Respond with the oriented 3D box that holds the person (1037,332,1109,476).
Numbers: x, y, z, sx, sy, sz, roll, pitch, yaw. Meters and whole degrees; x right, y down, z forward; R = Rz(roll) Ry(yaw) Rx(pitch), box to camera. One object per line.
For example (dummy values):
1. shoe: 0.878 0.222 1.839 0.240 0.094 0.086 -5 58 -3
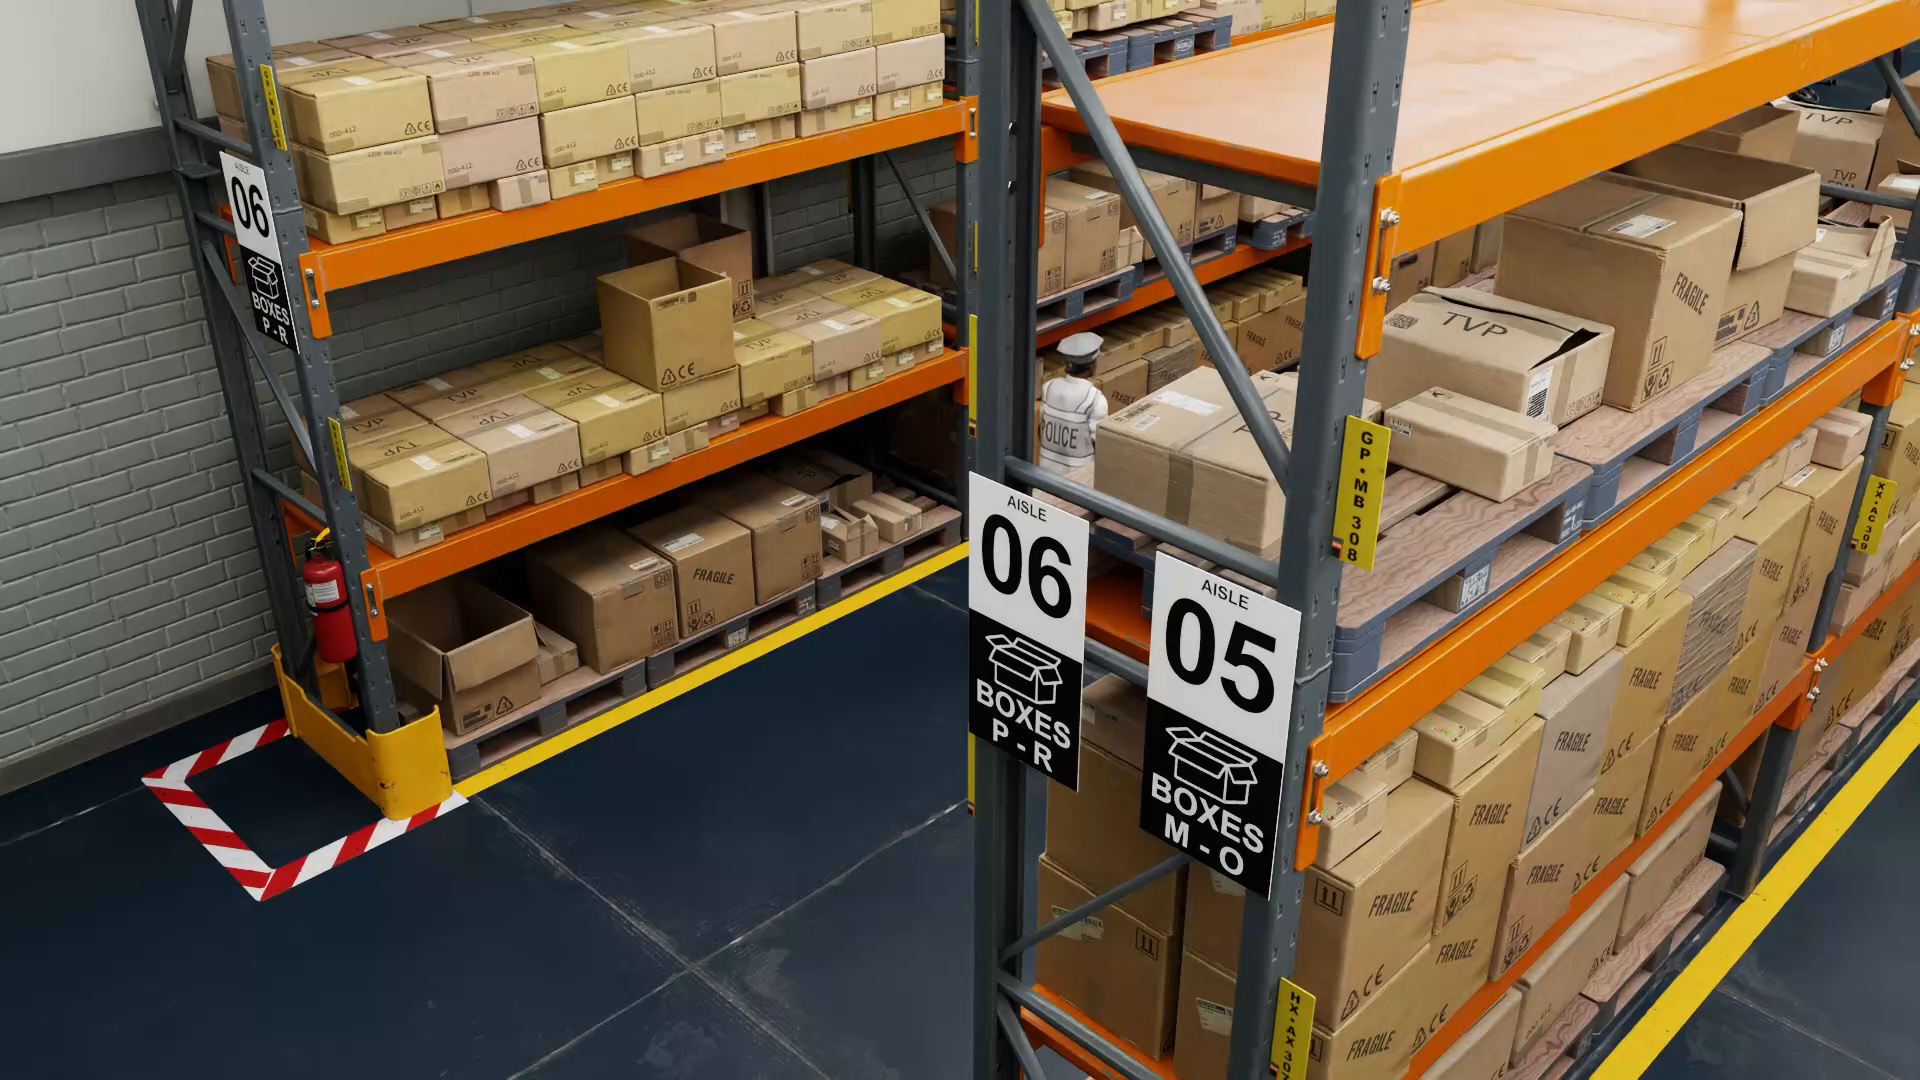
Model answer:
1. person: 0.663 -0.361 9.578 0.497 1.667 0.372 22 35 35
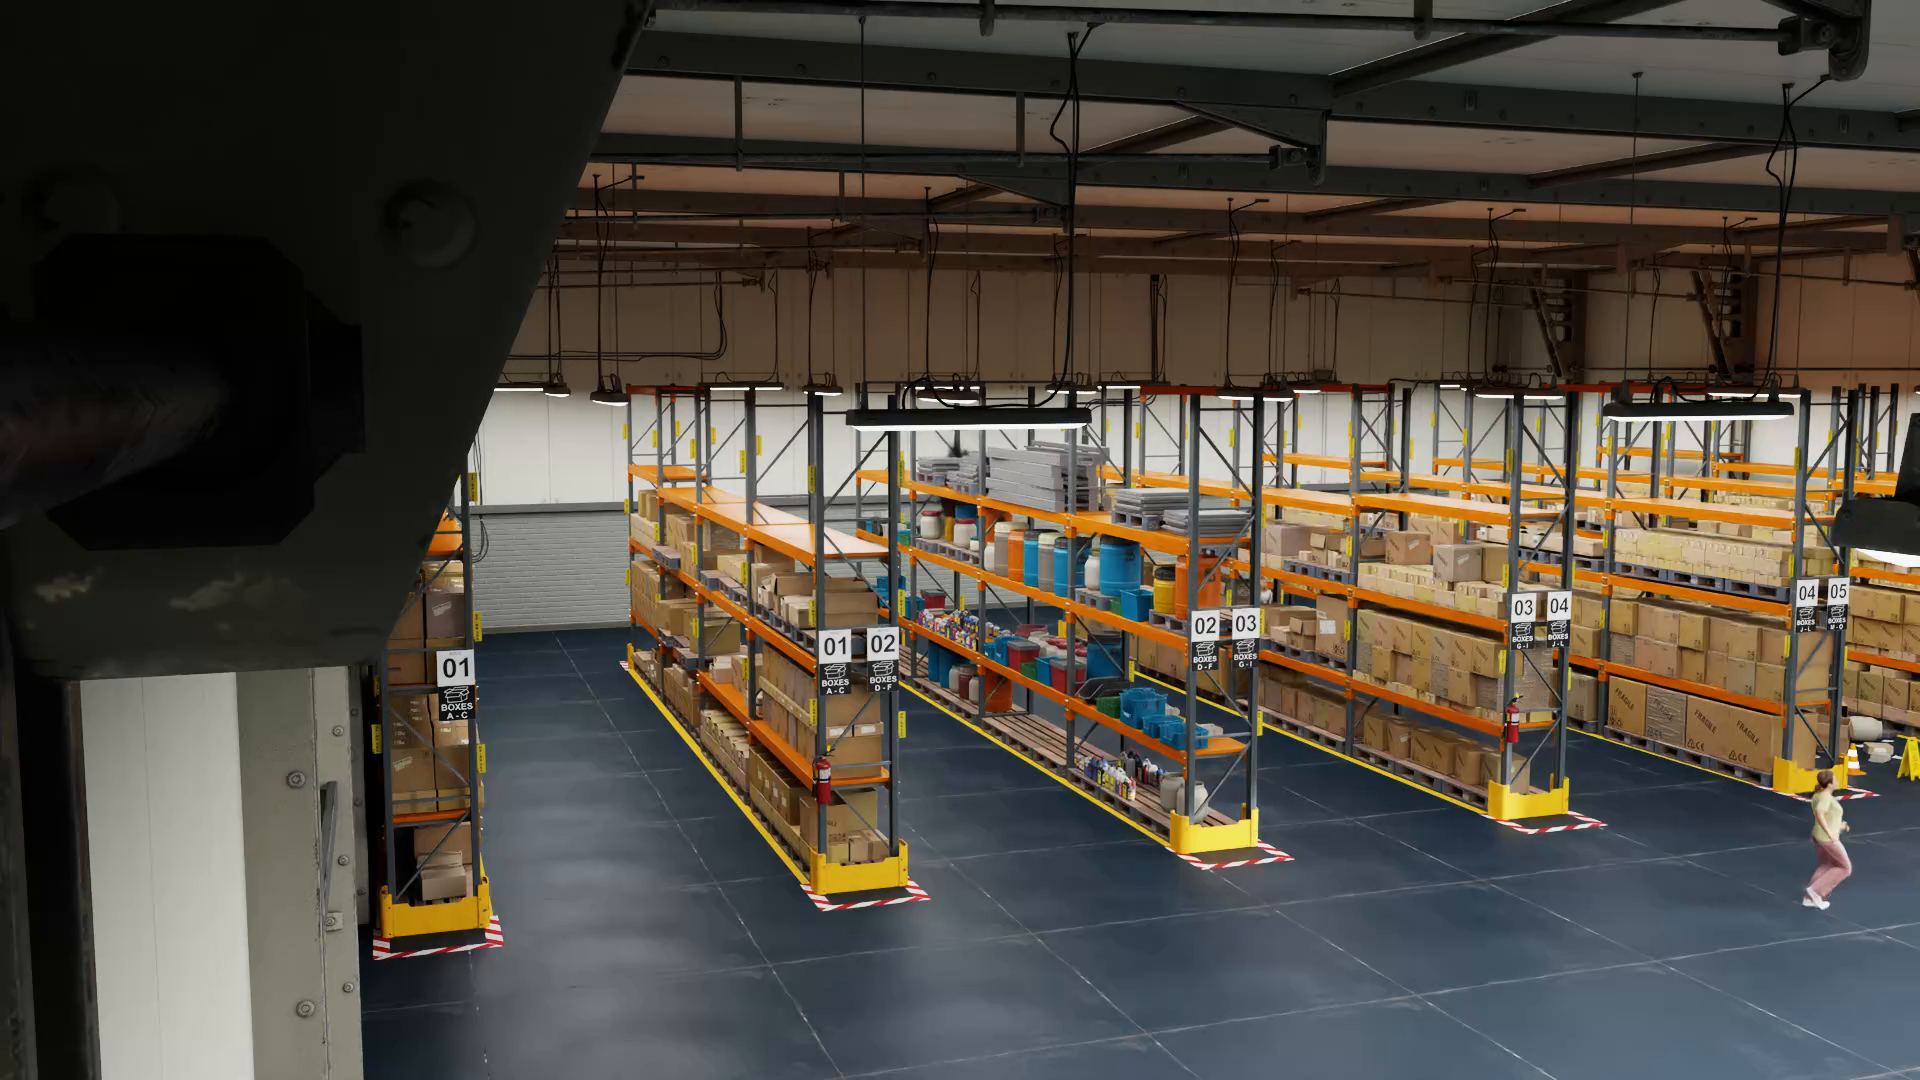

■ **Task requirements**:
All that's required is the material above repeated exactly, minus any picture.

■ **Answer to the exercise**:
Respond with the oriented 3D box that holds the person (1037,332,1109,476).
Numbers: x, y, z, sx, sy, sz, roll, pitch, yaw. Meters and whole degrees; x right, y down, z forward; R = Rz(roll) Ry(yaw) Rx(pitch), box to camera. One object per line.
For example (dummy values):
1. shoe: 0.878 0.222 1.839 0.240 0.094 0.086 -5 58 -3
Model answer:
1. person: 0.663 -0.361 9.578 0.497 1.667 0.372 22 35 35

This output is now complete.